Marie Waltz >> (All): Virtually is fine, but it won't find things like doors 
left unlocked and dead machine rooms
David Giaretta >> (All): Bruce - not sure what you mean by "The end of the 
requirement (including review of documentation and risk analysis, implementation 
assessment and audit reporting;) gives us the answer"
David Giaretta >> (All): Marie - good point - some people have to be physically 
present at least some of the time
BruceAmbacher >> (All): The end of requirement 7.2.1.3.1 d
David Giaretta >> (All): OK 
BruceAmbacher >> (All): Reading ahed solves this question.  See: 9.2.3.2.1 "The 
stage 2 audit always takes place at the site(s) of the client organization
David Giaretta >> (All): Yes indeed - I guess I was just wondering if that meant 
the whole team should be there
David Giaretta >> (All): I suppose the answer is probably yes - unless we say 
otherwise
David Giaretta >> (All): ..or perhaps it depends what "take part in" means these 
days
BruceAmbacher >> (All): David, Marie, Does this auditors' handbook benefit from 
what you all learned in doing the TRAC test audits in 2007?

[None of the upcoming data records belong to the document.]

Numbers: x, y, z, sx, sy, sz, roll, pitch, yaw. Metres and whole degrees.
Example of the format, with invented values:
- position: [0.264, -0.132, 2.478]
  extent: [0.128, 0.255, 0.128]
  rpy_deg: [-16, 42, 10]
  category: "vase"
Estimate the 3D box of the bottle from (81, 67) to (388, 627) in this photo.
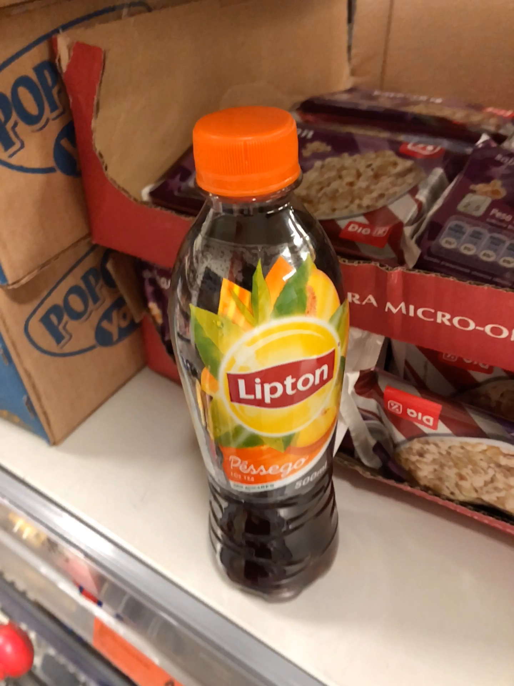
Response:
- position: [-0.002, 0.021, 0.231]
  extent: [0.070, 0.218, 0.070]
  rpy_deg: [-4, 41, 3]
  category: "bottle"
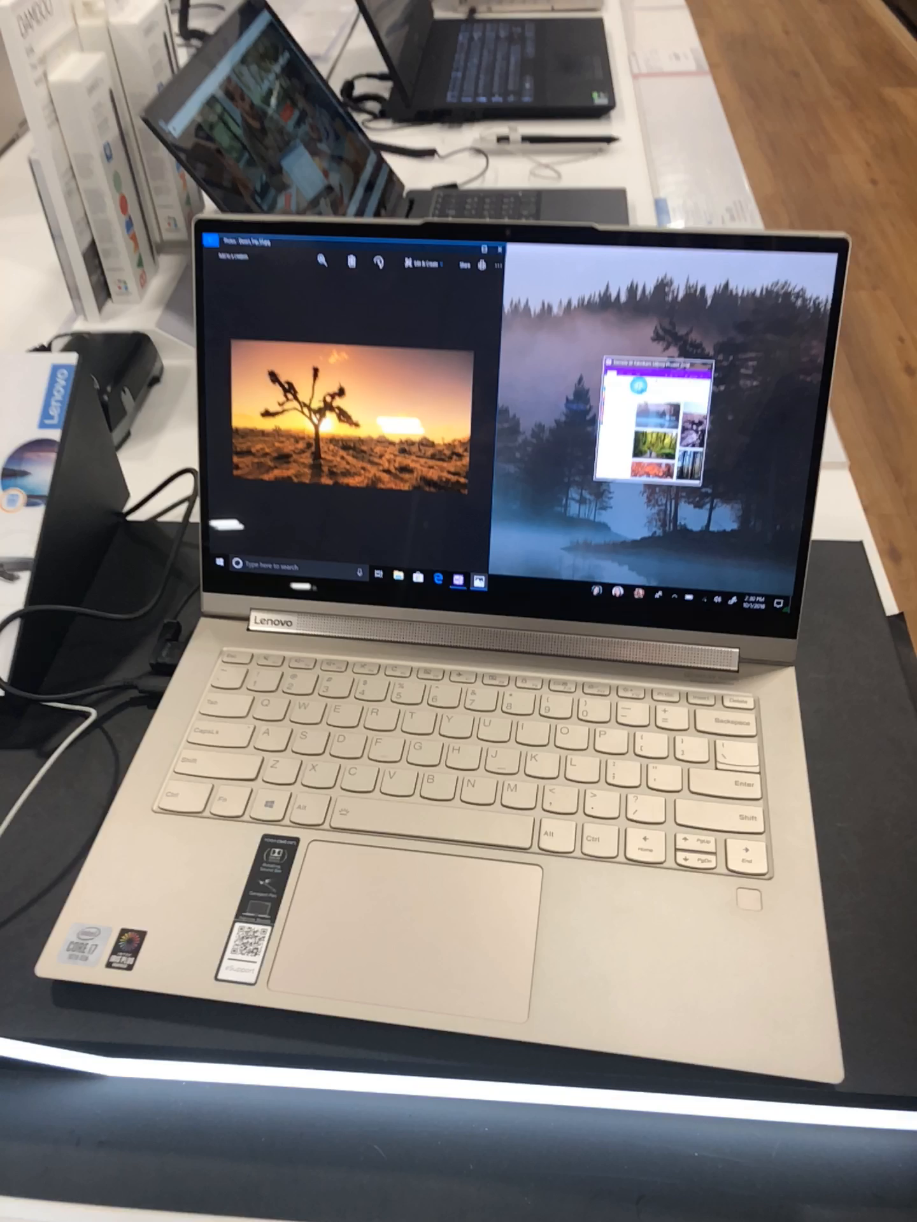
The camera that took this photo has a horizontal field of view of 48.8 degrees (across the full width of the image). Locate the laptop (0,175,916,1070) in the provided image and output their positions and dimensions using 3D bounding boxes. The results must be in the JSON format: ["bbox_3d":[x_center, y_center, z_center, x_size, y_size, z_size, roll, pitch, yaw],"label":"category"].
[{"bbox_3d":[0.002,-0.028,0.451,0.320,0.170,0.327,5,48,8],"label":"laptop"}]
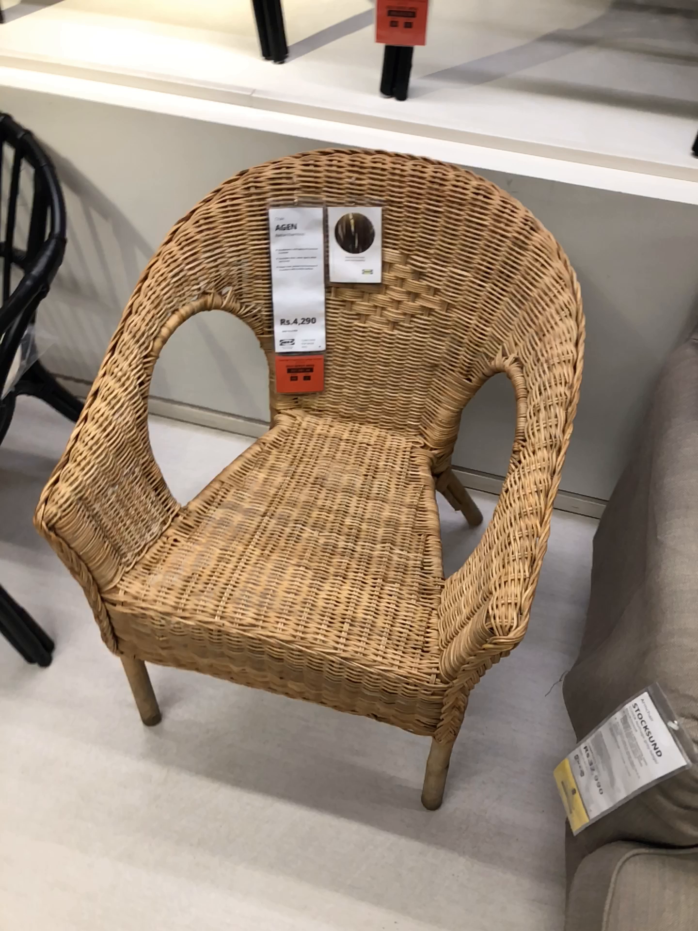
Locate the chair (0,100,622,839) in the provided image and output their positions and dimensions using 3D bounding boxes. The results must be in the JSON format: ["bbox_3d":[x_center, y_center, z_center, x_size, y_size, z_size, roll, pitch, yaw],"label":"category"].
[{"bbox_3d":[-0.031,0.031,1.042,0.550,0.696,0.603,13,53,9],"label":"chair"}]
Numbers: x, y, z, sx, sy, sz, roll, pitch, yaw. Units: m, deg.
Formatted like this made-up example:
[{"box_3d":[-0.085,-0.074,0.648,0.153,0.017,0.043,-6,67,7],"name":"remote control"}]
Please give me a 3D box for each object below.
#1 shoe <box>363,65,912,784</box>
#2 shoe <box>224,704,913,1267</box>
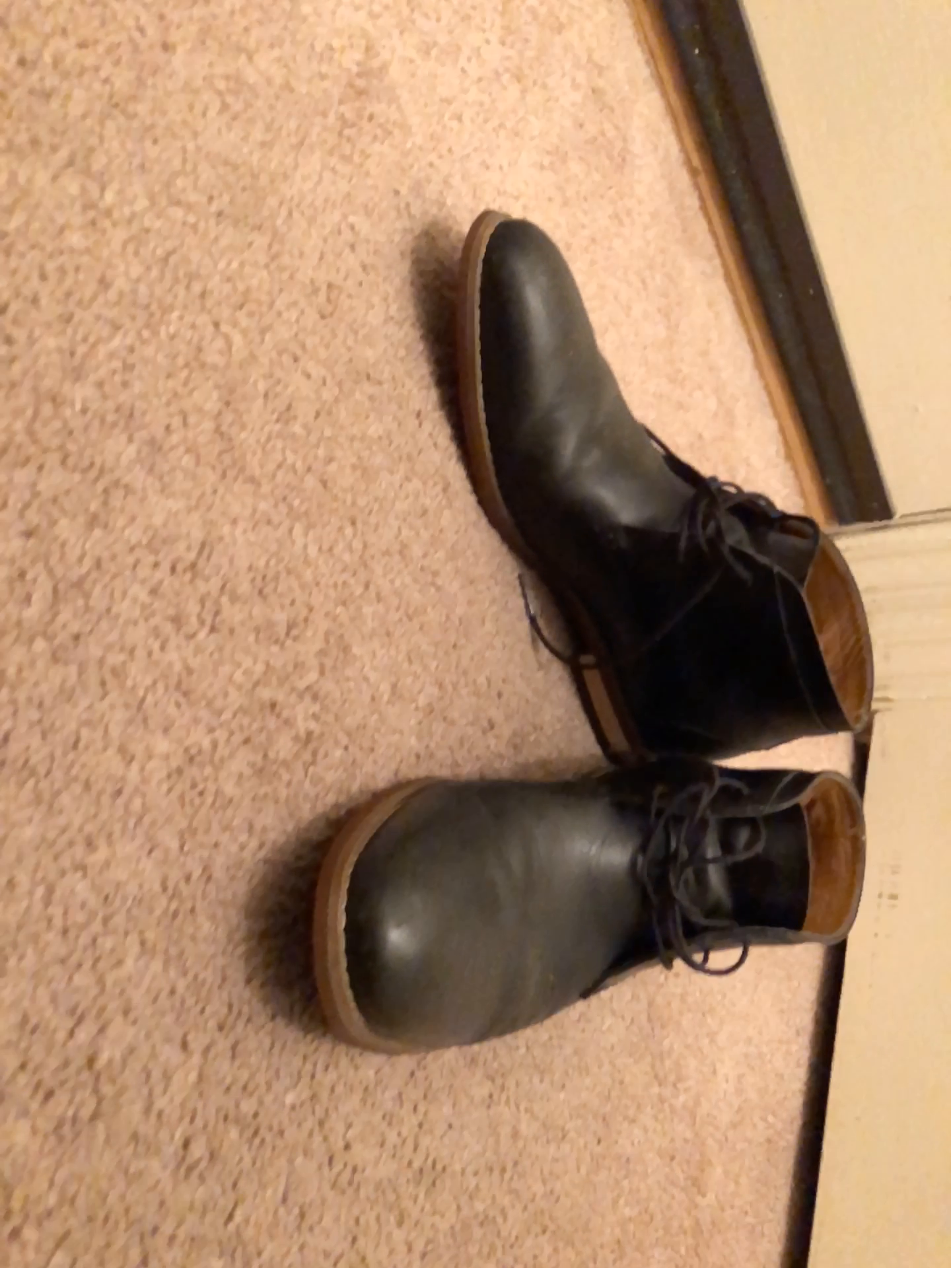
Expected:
[{"box_3d":[0.099,-0.069,0.495,0.303,0.135,0.117,58,41,-34],"name":"shoe"},{"box_3d":[0.067,0.104,0.416,0.304,0.135,0.116,-5,90,-57],"name":"shoe"}]
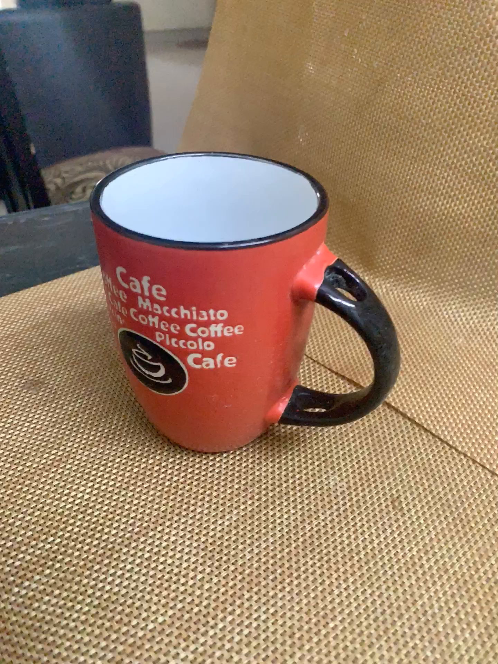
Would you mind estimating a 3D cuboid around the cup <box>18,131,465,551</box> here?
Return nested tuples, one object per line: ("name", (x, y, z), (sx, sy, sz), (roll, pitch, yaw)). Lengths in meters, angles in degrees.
("cup", (0.002, -0.005, 0.201), (0.120, 0.099, 0.091), (17, 39, 18))
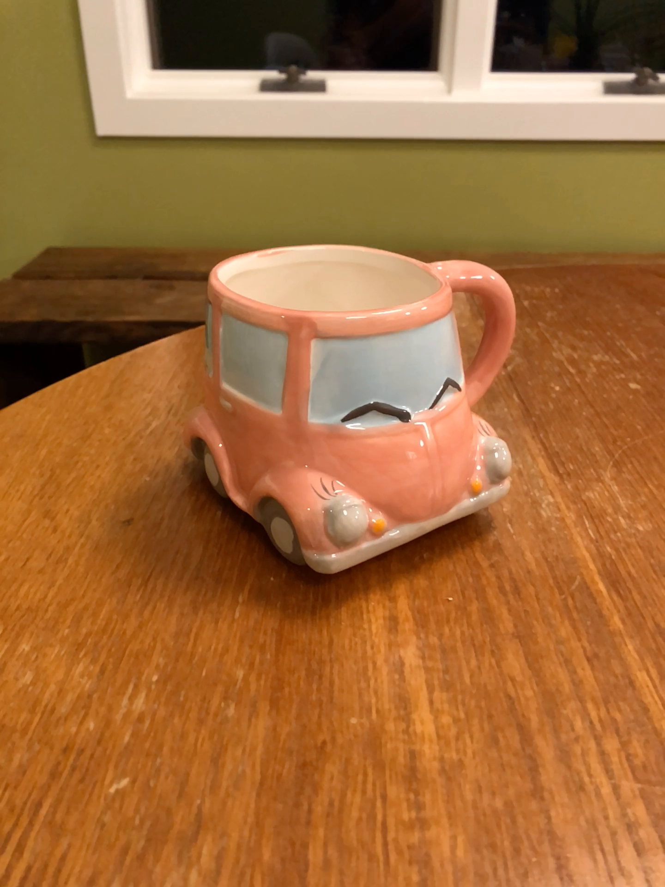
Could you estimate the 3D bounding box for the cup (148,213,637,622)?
[{"bbox_3d":[0.020,-0.027,0.308,0.139,0.097,0.128,0,29,0],"label":"cup"}]
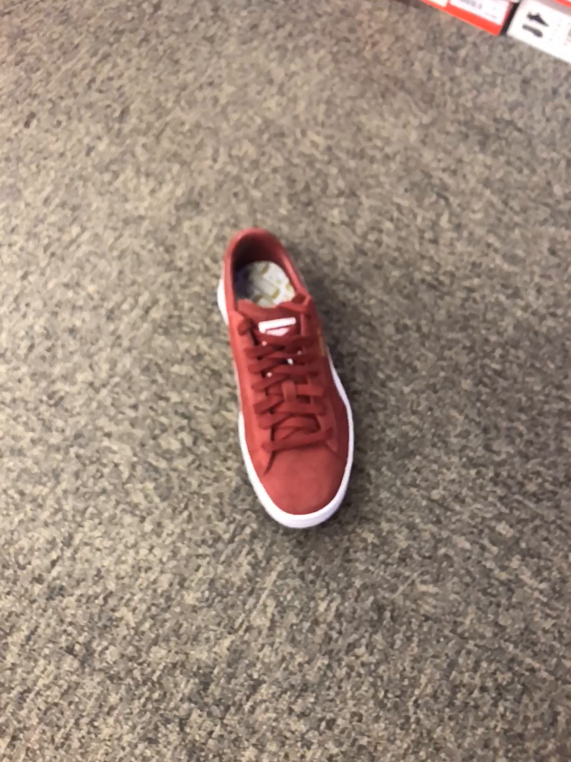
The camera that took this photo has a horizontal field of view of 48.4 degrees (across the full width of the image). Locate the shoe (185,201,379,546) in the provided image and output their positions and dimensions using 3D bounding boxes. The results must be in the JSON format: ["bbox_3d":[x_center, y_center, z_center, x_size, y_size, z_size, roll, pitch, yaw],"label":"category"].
[{"bbox_3d":[-0.010,-0.008,0.505,0.100,0.080,0.250,-9,71,-6],"label":"shoe"}]

David Giaretta >> (All): ANyway it's may be a minor point but it might make our 
lives easier in doing audits to start with
Terry Longstreth >> (All): Have we considered geographically dispersed archives?
Marie Waltz >> (All): Not really
David Giaretta >> (All): Marie - not sure I saw enough of the details of those 
TRAC audits
RobertDowns >> (All): It could become quite expensive for an entire audit team 
to visit some repositories, unless the team is local.
Marie Waltz >> (All): What do you need to know
David Giaretta >> (All): Terry - good point 9.2.3.2.1says *site(s)"
Marie Waltz >> (All): Expense needs to be considered as we calculated in the 
test audits it cost about $60,000 in time and travel costs to do an audit
BruceAmbacher >> (All): Is there a way to get those TRAC test audit findings 
incorporated?  They may inform the multiple lists of requirements and the 
processes and timetables to use.
David Giaretta >> (All): ...does that measn all sites or just some selection?
JohnGarrett >> (All): The team as a whole has to have the total set of coverages 
for all the abilities needed, so I assume that at least some of the team would 
need to visit the archives in person, but perhaps not the whole team, especially 
if there were experts in just some aspects that could be checked remotely.
Marie Waltz >> (All): so I'm hearing time tables based on our three test audits, 
anything else?
David Giaretta >> (All): Bruce - the things I saw were mostly descriptive - a 
nice read - but did not have the details of what was seen and what was difficult
Terry Longstreth >> (All): We may want to make some accommodation or 
acknowledgement of distributed repositories, where the actual storage devices 
aren't fixed or knowable.
David Giaretta >> (All): ...so any "raw" notes would be good
Marie Waltz >> (All): Raw notes on what was seen and what was difficult about 
auditing the three repository's?
Mark Conrad >> (All): What does onsite mean if the TDR is using cloud computing 
services? Can a cloud-based repository be a TDR?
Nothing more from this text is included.